Monsoon and geopolitics
No other region in world today is as volatile, unstable as South Asia with its longstanding India-Pakistan conflict.
An interesting tweet last week from a friend in Kathmandu said: “Monsoon has arrived in Dhaka, Kathmandu, Delhi and Lahore. Monsoonal unity of South Asia is impressive (and) needs to transfer to geopolitics.” Romanticism and geopolitics is indeed a curious juxtaposition calling for dispassionate introspection. Apparently, my friend was carried away by a reference to India as “the South Asian country” in a Huffington Post article of 15 June 2013, providing an interesting window into the germinating regionalism in South Asia.

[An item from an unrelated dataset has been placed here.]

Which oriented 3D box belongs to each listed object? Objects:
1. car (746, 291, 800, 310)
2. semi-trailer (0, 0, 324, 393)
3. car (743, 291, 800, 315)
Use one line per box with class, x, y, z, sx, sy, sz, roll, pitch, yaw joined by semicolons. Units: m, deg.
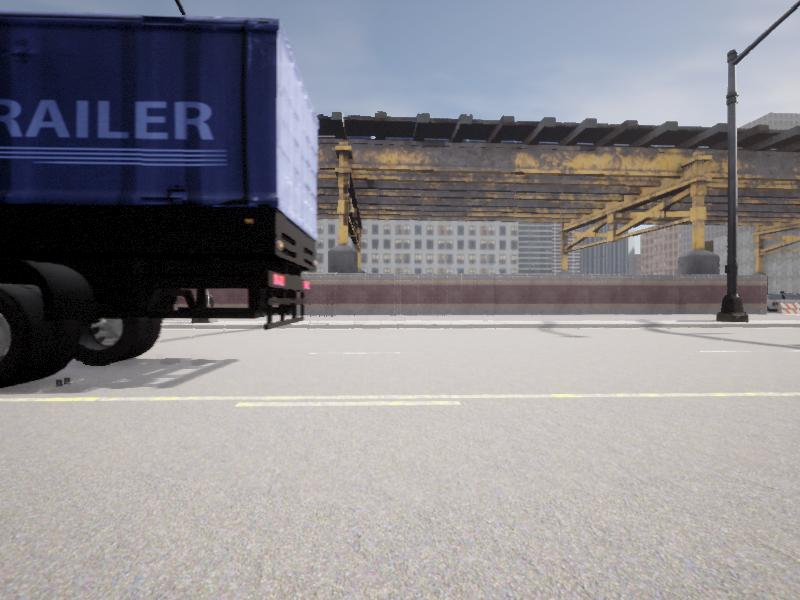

A pull-quote from the article on UK’s Prince William’s ‘Indian’ ancestry revealed the royal’s connection to the South Asian country stemming from “Williams’ great-great-great-great-great grandmother Eliza Kewark, who worked as a housekeeper in India”. But with a little closer look into history’s rear-view mirror, the author of the Huffington Post article would have discovered even more historic and perhaps, much deeper South Asian connections with English royalty. A famous British queen in the late 19th century and an equally famous but more popular queen-in-waiting in the late 20th century both chose their ‘secret’ last love from South Asia.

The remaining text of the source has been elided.